One young man flew halfway around the world to take on a world champion in his own living room; not once, but twice. The other young man quit prior to one fight, and then again during another one.

The first guy mentioned is an obedient son of an ultra-streetwise father.  The type of parent where, if he doesn’t know the answer (and more times than not he most likely does), he will know where to find it. The second guy doesn’t appear to have that quality guidance scenario going on for him, which is probably for the best, because he believes he has all the answers.

The first guy is on record as saying he wants to go down in boxing history as an all-time great.  The other guy?  He decided not to continue in a fight while he was still sporting an undefeated record.  You may think to yourself if there was ever a time to soldier through, right?

Then yesterday, that same guy missed making weight by 3.2 pounds, and seemed to be more than fine with it, to the point where he actually appeared to be quite pleased with himself.

If you haven’t heard, Devin Haney and Ryan Garcia are going to share a boxing ring in a twelve round go for God knows what will be at stake by the time they actually punch off.  The fact that no one from Garcia’s team has stepped in and rescued him from these unfolding events, his own personal well-being, and/or not to mention Devin Haney is, well, troubling in and of itself.

Back in the amateur days, the record shows they split six fights.  They were boys back then, so it means zero.  If anything, you’d want to be the older of the two, and Ryan had over a three-month age advantage.  If you’ve only been on the planet for a total of 120 months or so, every extra month could be a big enough difference in strength and development. Now as world class professionals in their prime?  That’s different.  Younger is always better.  Devin is that guy.

Haney and Garcia fought six times for free but will fight only once as professionals.  Then one of them will continue with their march for historic greatness, while the other will head back to Kamp Krazy, where he’s the current Mayor.
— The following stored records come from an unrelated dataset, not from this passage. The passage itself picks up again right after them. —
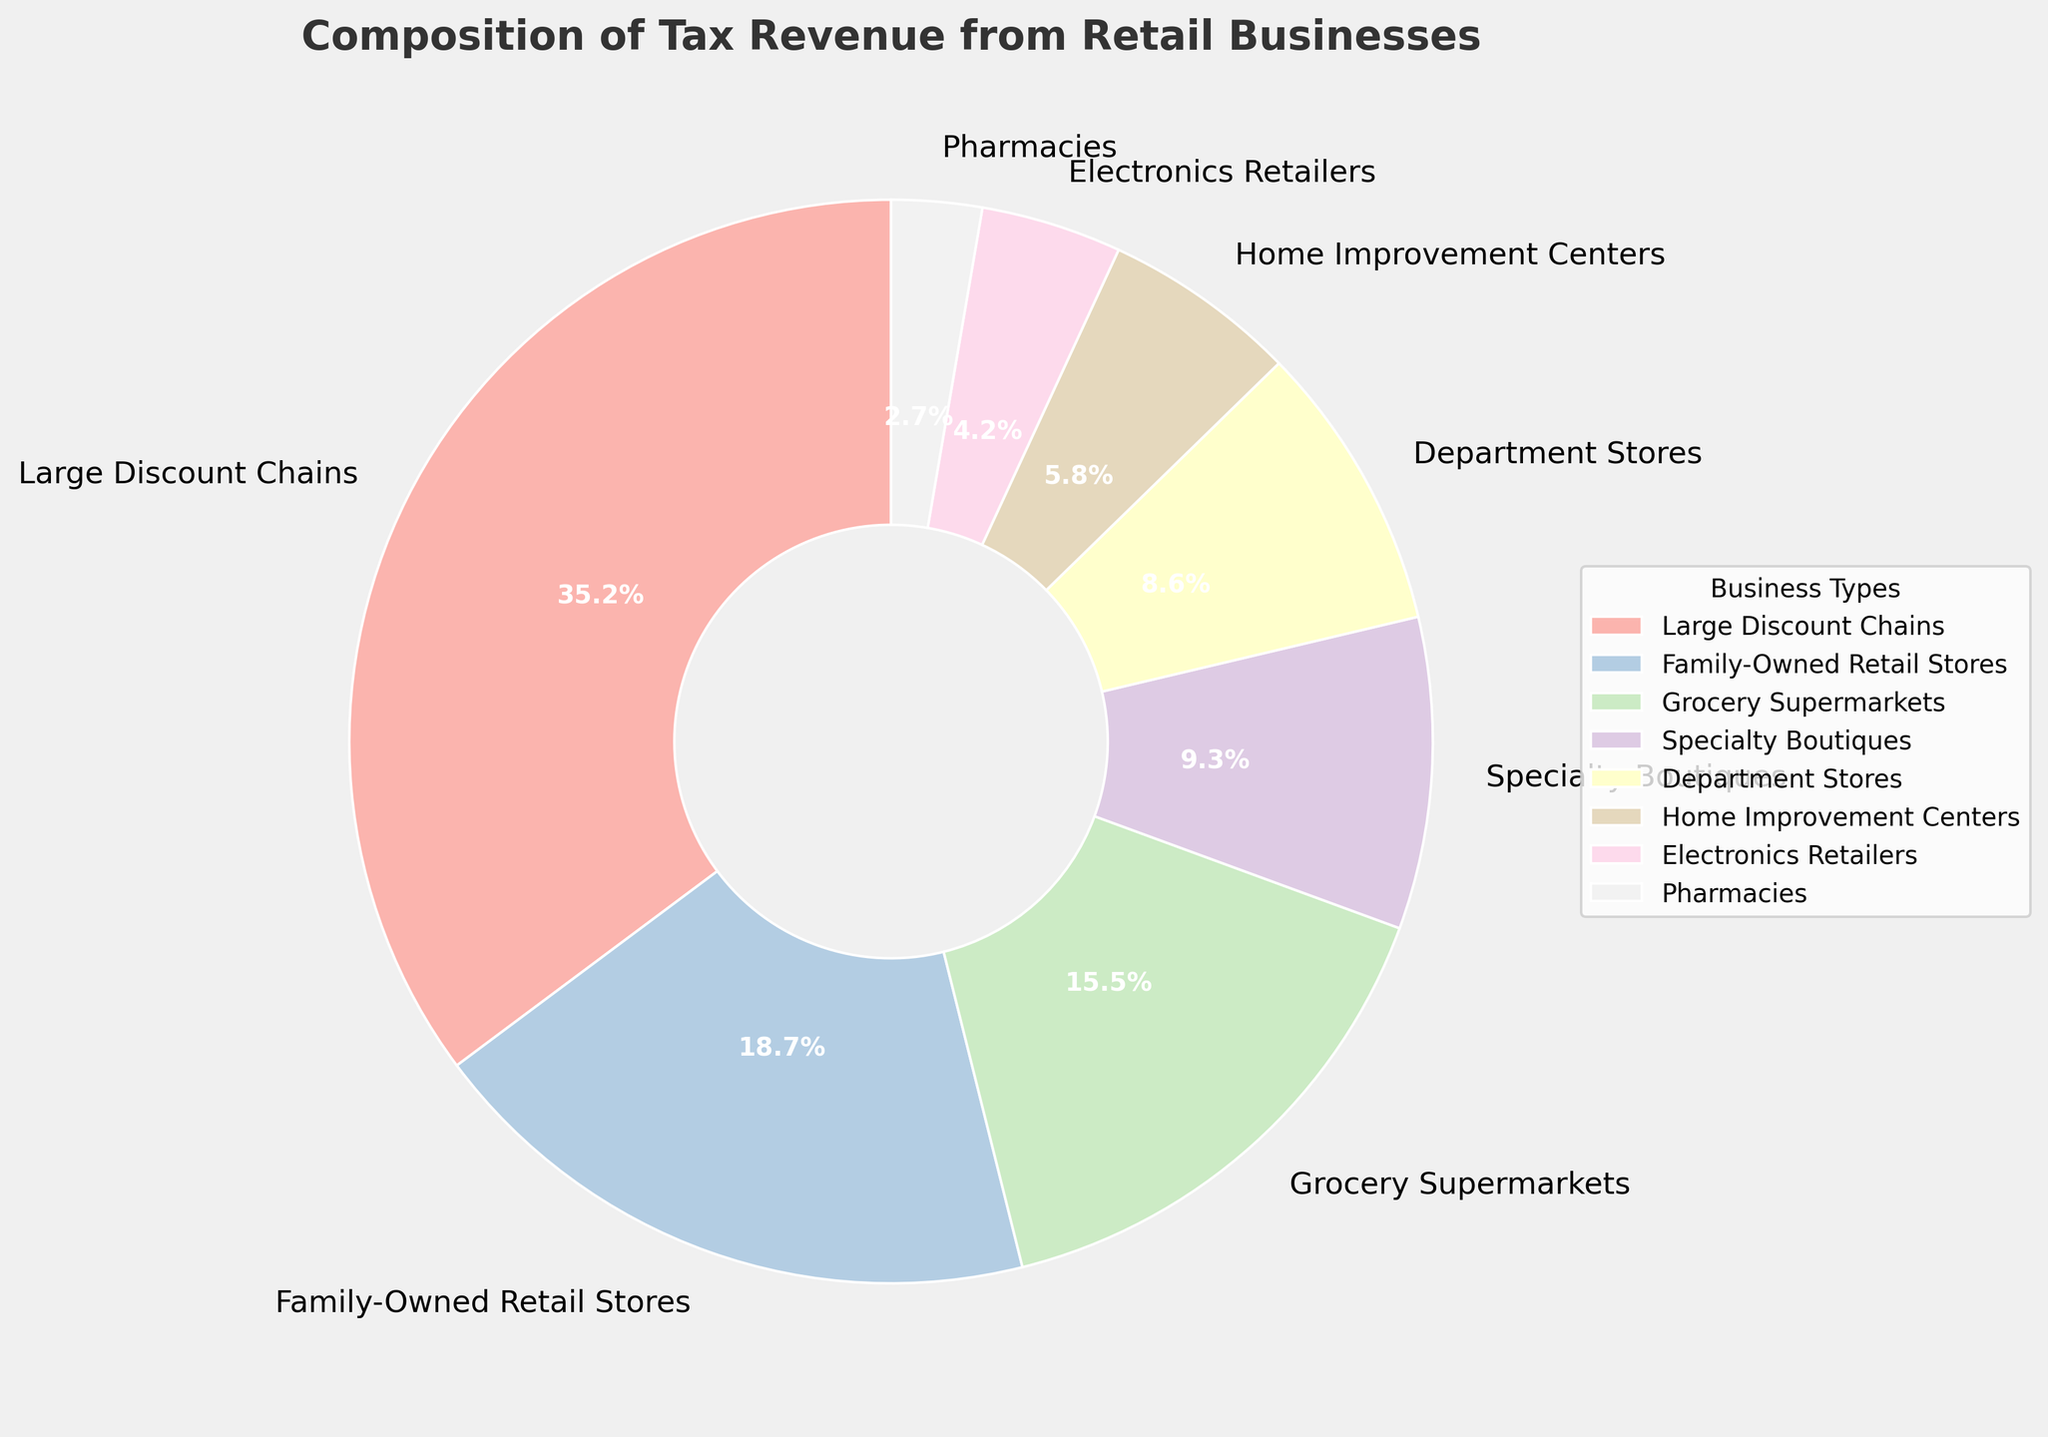Which business type contributes the most to the tax revenue? The business type with the highest percentage in the pie chart represents the largest contribution. Here, Large Discount Chains have the highest percentage at 35.2%.
Answer: Large Discount Chains How much more tax revenue is generated by Large Discount Chains compared to Family-Owned Retail Stores? Subtract the tax revenue percentage of Family-Owned Retail Stores (18.7%) from that of Large Discount Chains (35.2%). 35.2% - 18.7% = 16.5%.
Answer: 16.5% What is the combined tax revenue percentage of Grocery Supermarkets, Specialty Boutiques, and Department Stores? Add the tax revenue percentages of Grocery Supermarkets (15.5%), Specialty Boutiques (9.3%), and Department Stores (8.6%). 15.5% + 9.3% + 8.6% = 33.4%.
Answer: 33.4% Which business types have tax revenue percentages below 10%? Identify the business types in the pie chart with percentages less than 10%. Specialty Boutiques (9.3%), Department Stores (8.6%), Home Improvement Centers (5.8%), Electronics Retailers (4.2%), and Pharmacies (2.7%) are all below 10%.
Answer: Specialty Boutiques, Department Stores, Home Improvement Centers, Electronics Retailers, Pharmacies Which business type contributes the least to the tax revenue? The business type with the smallest percentage in the pie chart is the one with the least contribution. Pharmacies have the lowest percentage at 2.7%.
Answer: Pharmacies How do the contributions of Electronics Retailers and Home Improvement Centers together compare to Family-Owned Retail Stores? Add the tax revenue percentages of Electronics Retailers (4.2%) and Home Improvement Centers (5.8%), and compare this sum to Family-Owned Retail Stores (18.7%). 4.2% + 5.8% = 10%, which is less than 18.7%.
Answer: Less Are there more business types contributing more or less than 10% to the tax revenue? Count the business types with percentages above and below 10%. Family-Owned Retail Stores (18.7%), Large Discount Chains (35.2%), and Grocery Supermarkets (15.5%) are above 10% (3 types). Specialty Boutiques (9.3%), Department Stores (8.6%), Home Improvement Centers (5.8%), Electronics Retailers (4.2%), and Pharmacies (2.7%) are below 10% (5 types).
Answer: Less What is the median tax revenue percentage among all business types? List the percentages in ascending order: 2.7%, 4.2%, 5.8%, 8.6%, 9.3%, 15.5%, 18.7%, 35.2%. The median is the average of the two middle numbers (8.6% and 9.3%). (8.6% + 9.3%) / 2 = 8.95%.
Answer: 8.95% What percentage do the three smallest-contributing business types (Electronics Retailers, Home Improvement Centers, and Pharmacies) make up together? Add the tax revenue percentages of Electronics Retailers (4.2%), Home Improvement Centers (5.8%), and Pharmacies (2.7%). 4.2% + 5.8% + 2.7% = 12.7%.
Answer: 12.7% What is the difference in tax revenue contribution between Specialty Boutiques and Department Stores? Subtract the tax revenue percentage of Department Stores (8.6%) from that of Specialty Boutiques (9.3%). 9.3% - 8.6% = 0.7%.
Answer: 0.7%

It’s never smart to lay 8-1, 9-1 in boxing.  And if you see taking Garcia as a value bet with +500 to +600 and beyond, you don’t understand value and you evidently don’t like money.

There is, however, a wagering opportunity here.

Total Rounds:  Fight doesn’t go 10.5 rounds.

Take anything over +125.  It’s worth a unit on a scale of 5.  Logically, there are a lot of ways to cash this ticket: legitimate victory, meltdown, catching lightning in a bottle, etc.  Or simply the exiting stage left of a guy who may be already plotting his next career move.